A self-contained, self-improving collection of Claude Code slash-command skills for auditing any codebase. Walk onto a project, install the skills, run multiple audits in parallel from separate chat sessions, fix what they find, review the fixes in a Git worktree, and let /system-self-improve patch the audits themselves whenever a review surfaces a gap.

Core principles

  • Opinionated baselines. Each audit grades against a specific opinionated baseline, not whatever happens to be in the codebase.
  • Static-first with optional enrichment. Every audit is read-only by default. Runtime or network data is opt-in via explicit --with-* flags.
  • Two-phase flow. Every audit reports findings, then asks whether to generate an implementation plan. Mutation is never automatic.
  • Boundary discipline. Cross-cutting concerns are explicitly called out.
  • Self-improving. When a review surfaces a gap, /system-self-improve patches the originating audit.

The workflow

  1. Get the playbook and install the skills.
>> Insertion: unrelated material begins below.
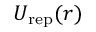<formula> <loc_0><loc_0><loc_500><loc_500>U _ { r e p } ( r )</formula> 
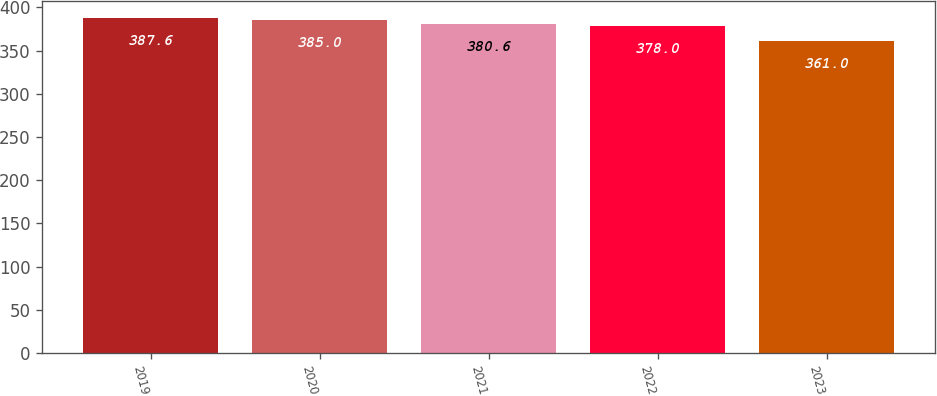<chart> <loc_0><loc_0><loc_500><loc_500><bar_chart><fcel>2019<fcel>2020<fcel>2021<fcel>2022<fcel>2023<nl><fcel>387.6<fcel>385<fcel>380.6<fcel>378<fcel>361<nl></chart>

    git clone <this-repository> ~/architect-playbook
    cd ~/architect-playbook
    claude       # open this directory in Claude Code

    Then, in the Claude Code chat:

    /install-architect-playbook-globally
    

    That's it. Every audit slash command is now available in every Claude Code session on the machine. The clone ships with .claude/skills/install-architect-playbook-globally already committed so this one bootstrap command is available the moment you open the cloned repo — no manual copy step needed.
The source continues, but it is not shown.